Trying to tie that technical background to what we do from a software perspective at Afresh, I think the real through line that connects that background, the company, is really that I’ve always really believed in one, working with really cool technology, just as a technologist I find that really exciting. Two, being really passionate about working at companies that did unequivocally have positive social impact, so not a company that’s contribution to society was purely adding value to like our GDP, but rather something that in its own rights made a positive impact for the world.
I had a particular bent towards mitigating climate change and the company I worked at after grad school before starting Afresh was really focused on ocean health, which is a big barometer for climate change. That’s really, I think, the through line to what we’re doing at Afresh today.
[00:02:16] HC: What does Afresh do? Why is it important for sustainability?
[00:02:20] NF: Yeah. So Afresh, at its most simple, is a supply chain software and inventory management software for the grocery industry, focusing specifically on the fresh side of the business. In other words, we’re hyper focused on building supply chain software to optimize all the perishable supply chains in retail. The big outcome of optimizing that supply chain is that we dramatically reduce food waste. Food waste is actually one of the biggest macroscopic contributors to climate change.
I think there’s a really cool study done by an organization called, I think, Drawdown, Project Drawdown, where they looked at all the macroscopic initiatives that we as a society could take, and using a variety of different methodologies, reducing food waste was either the top or one of the top three or four initiatives we could undertake as a society. Our work contributes to that reduction in food waste, which in turn is a really critical mitigation of climate change.
[00:03:30] HC: What role does machine learning play in your technology?
[00:03:33] NF: Machine learning is really, really fundamental to what we do. At a high level, we’re making the fresh food supply chain in retail more efficient, and the way we’re doing that is by optimizing decisions at various nodes in the supply chain. The way we optimize those decisions is powering them with machine learning. So to be very concrete, our first product that we built at Afresh is a store level replenishment solution for fresh departments and grocery stores.
This is a solution, and it’s based on an iPad application. The person in the store in a produce department in a grocery store uses our application to do their inventorying and ordering workflow. Our solution essentially gives them recommendations of how many tomatoes, for example, to bring in into their storage data in order to optimize their inventory levels. That recommendation of how many tomatoes to bring into their store, that’s all powered by machine learning. So really, really good key, machine learning is really key to writing an optimal order that maximizes profit, but also minimizes waste.

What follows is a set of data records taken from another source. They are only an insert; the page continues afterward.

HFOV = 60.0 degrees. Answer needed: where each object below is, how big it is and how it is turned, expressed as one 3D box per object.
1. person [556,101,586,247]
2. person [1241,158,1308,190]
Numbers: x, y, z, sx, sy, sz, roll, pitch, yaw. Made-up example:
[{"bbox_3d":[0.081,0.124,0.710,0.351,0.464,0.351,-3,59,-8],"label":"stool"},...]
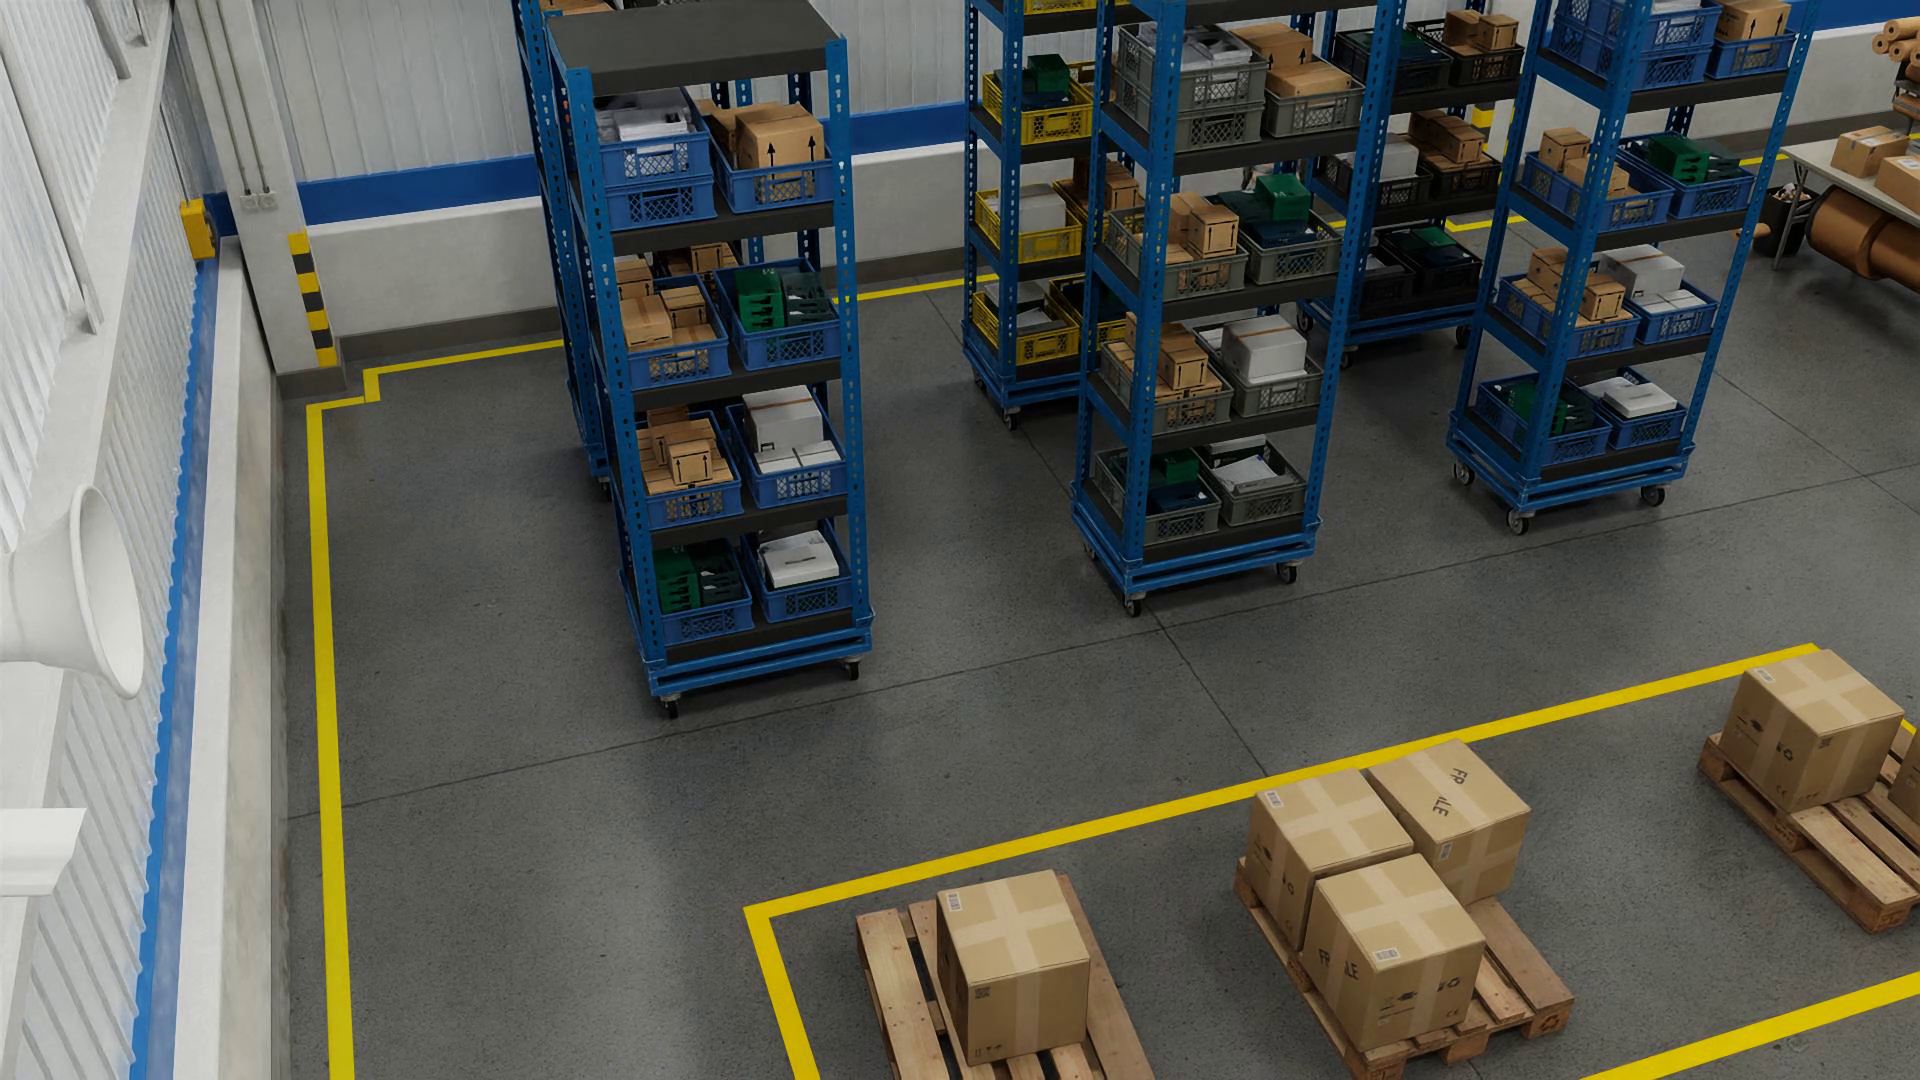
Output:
[{"bbox_3d":[-2.537,-2.115,11.547,0.609,1.995,0.376,24,42,30],"label":"person"},{"bbox_3d":[2.412,-2.749,12.751,0.514,1.637,0.313,3,35,5],"label":"person"}]
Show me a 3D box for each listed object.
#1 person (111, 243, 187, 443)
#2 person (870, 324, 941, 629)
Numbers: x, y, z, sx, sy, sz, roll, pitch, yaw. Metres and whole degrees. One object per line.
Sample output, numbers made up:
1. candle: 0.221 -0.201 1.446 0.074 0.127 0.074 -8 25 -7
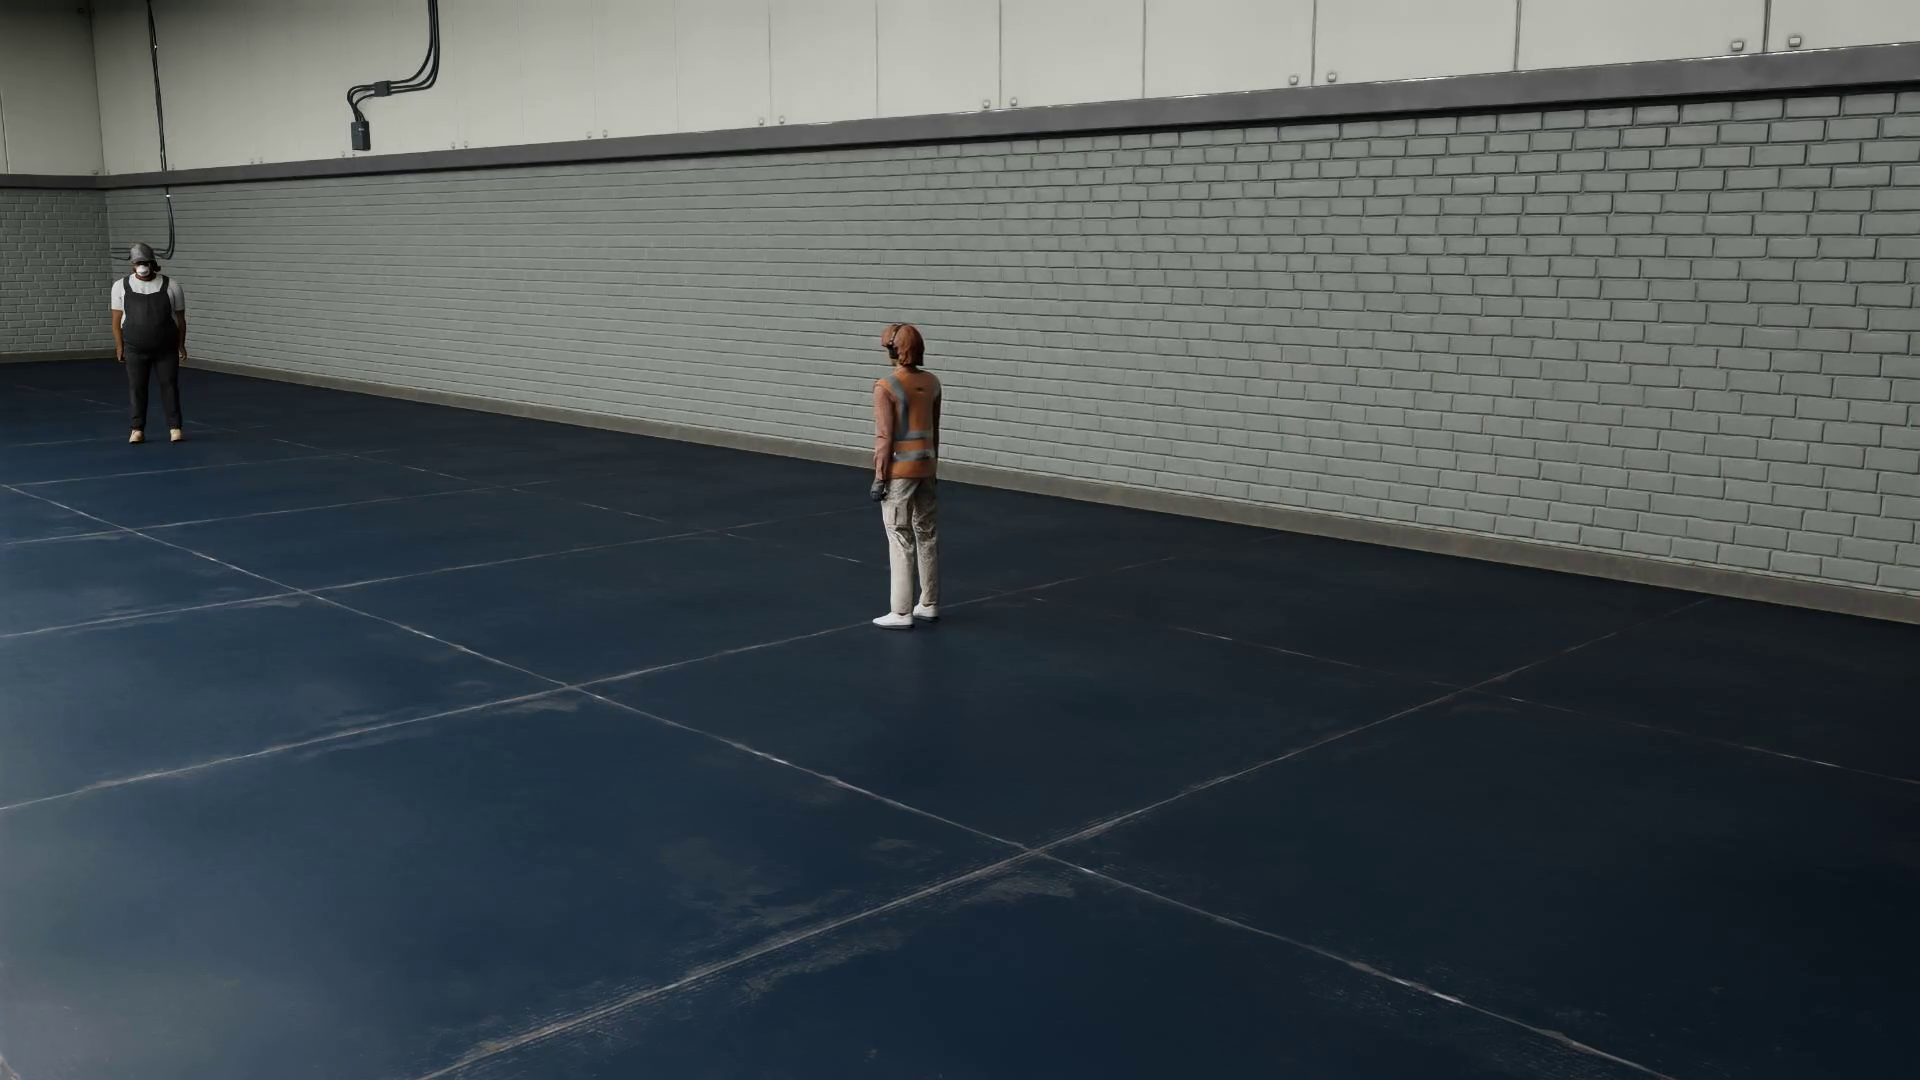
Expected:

[00:04:51] HC: What kind of data are you working with in order to train this? It sounds like maybe the stock of different products in the store, or is there other data you collect along the way?
[00:05:00] NF: Yeah. I think a nice way we think about the data that feeds into our system. I think there’s three main sources. There is data that comes from the retailers, from their central data warehouse. Our retailers send us all their sales data, all their shipments data, their item meta data, basically their data that describes their items, their promotion calendar, their delivery schedules, basically all the sources of data that you could possibly need that they have as internally in order to inform the correct decision. That is that internal bucket of data.
I’ll add that for that data, we get a big historical download of all that data. We get a huge several years of sales history. Then we also set up an ongoing data feed where we’re constantly being updated with the most current version of that data. That’s one source of data. The second source of data is external sources of data. This would be things like holiday calendars, local events, weather, basically exogenous factors that contribute to what the perfect order would need to be in the store. For example, the Super Bowl is coming up in a couple of days here, we have that information available to us to know that avocado sales may increase dramatically this weekend. That’s an example of an external data source we use, we leverage.
Then the third data source is data that we collect via our front end. In conjunction with our smart machine learning, we have a really intuitive workflow that our team has built. As our end users use our tool, they’re actually collecting data from the store in terms of things like inventory position in the store and the size of their displays and other key pieces of information that will inform what that perfect order is. Then basically those three data sources come together and those all inform our machine learning models that then kick out the ideal recommendation. Is that makes sense?
[00:07:10] HC: It does. Do you need to annotate your data in order to make these predictions or is that taken care of via the different data sources you have?
[00:07:20] NF: It’s not a data annotation challenge like a computer vision problem from a training data perspective. Instead, I think really the challenge for us is when we initially integrate with a customer, we need to ensure that we are correctly interpreting their data and have all the rules and understandings of their data to convert it from their schema into our schema. Once we accurately write those transformations and it’s ingested into our system, this is not the thing where you need to like annotate that this is a car in this picture. The things we’re training on are basically just sales dollars and things like that. There isn’t this big undefined data source. Once those rules, those ETL rules are created and validated, the data is well understood by our system.
[00:08:19] HC: What sorts of challenges do you encounter in working with those three different sources of data?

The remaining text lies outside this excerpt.